The Java open-source SPMF data mining library will be used in this tutorial. It is a library designed to discover patterns in various types of data, including sequences, which can also be used as a standalone software, and to discover patterns in other types of files. Handling text documents is a new feature of the most recent release of SPMF (v.2.01).

Obtaining a text document to analyze


The first step of this tutorial is to obtain a text document that we will analyze. A simple way of obtaining text documents is to go on the website of  Project Gutenberg, which offers numerous public domain books.  I have here chosen the novel “Sherlock Holmes: The Hound of the Baskervilles” by Arthur Conan Doyle.   For the purpose of this tutorial, the book can be downloaded here as a single text file: SHERLOCK.text.  Note that I have quickly edited the book to remove unnecessary information such as the table of content that are not relevant for our analysis.
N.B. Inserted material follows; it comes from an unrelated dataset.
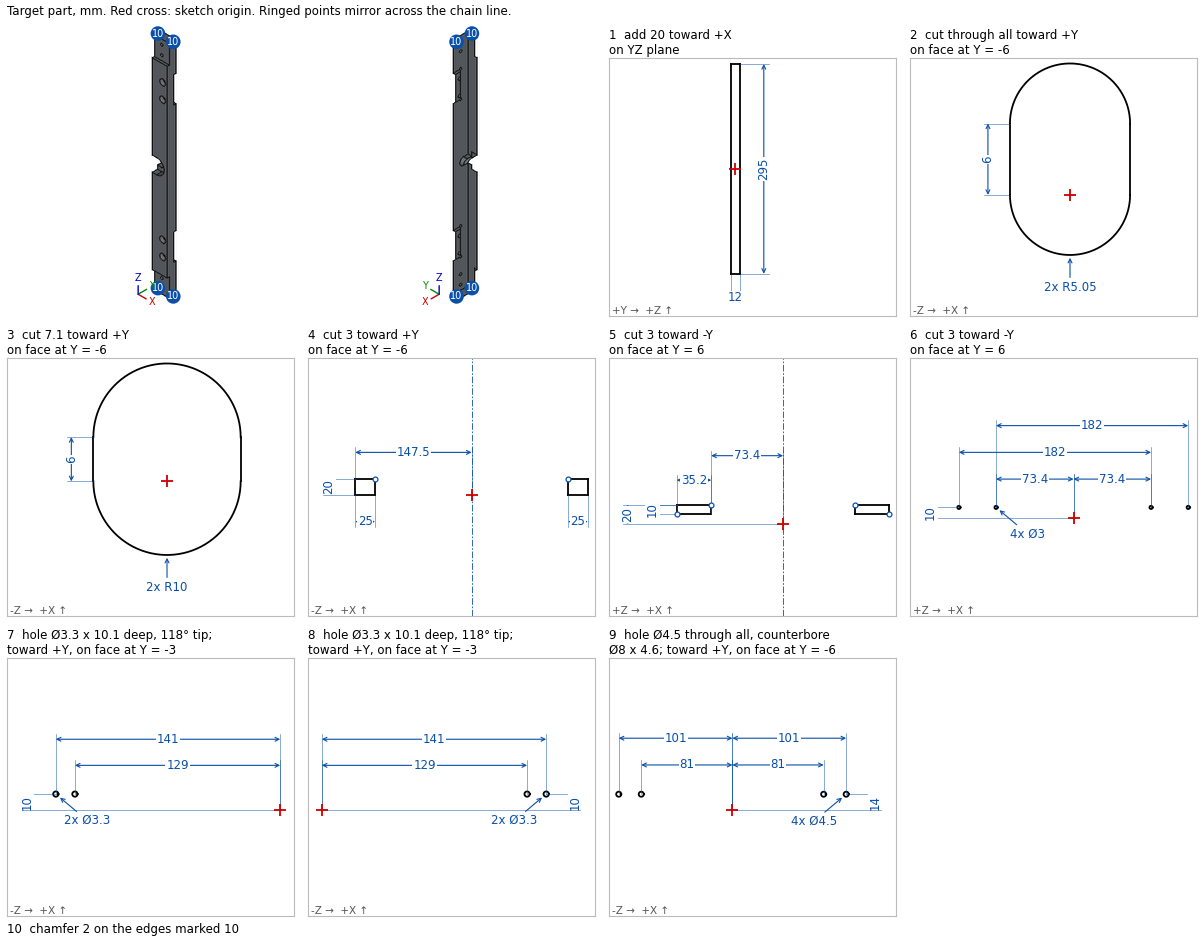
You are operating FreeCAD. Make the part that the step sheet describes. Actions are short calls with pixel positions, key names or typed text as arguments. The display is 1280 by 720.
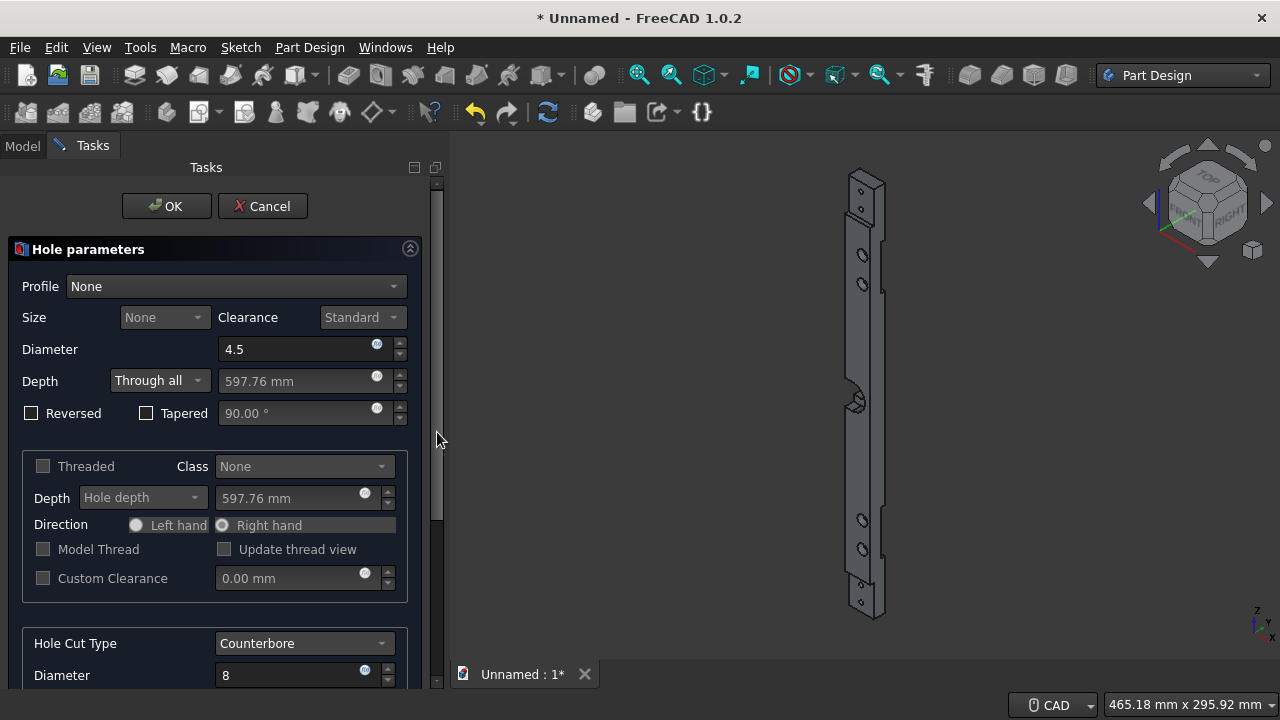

Moreover, I have renamed the file so that it has the extension “.text” so that SPMF recognize it as a text document.

Downloading and running the SPMF software

The first task that we will perform is to find the most frequent sequences of words in the text. We will first download the SPMF software from the SPMF website by going to the download page.  On that webpage, there is a lot of detailed instructions explaining how the software can be installed. But for the purpose of this tutorial, we will directly download spmf.jar, which is the version of the library that can be used as a standalone program with a user interface.

Now, assuming that you have Java installed on your computer, you can double-click on SPMF.jar to launch the software. This will open a window like this:


Discovering hidden patterns in the text document

Now, we will use the software to discover hidden patterns in the Sherlock Holmes novel. There are many algorithms that could be applied to find patterns.  We will choose the TKS algorithm, which is an algorithm for finding the k most frequent subsequences in a set of sequences.  In our case, a sequence is a sentence. Thus, we will find the k most frequent sequences of words in the novel. Technically, this type of patterns is called skip-grams. Discovering the most frequent skip-grams is done as follows.

A) Finding the K most frequent sequences of words (skip-grams)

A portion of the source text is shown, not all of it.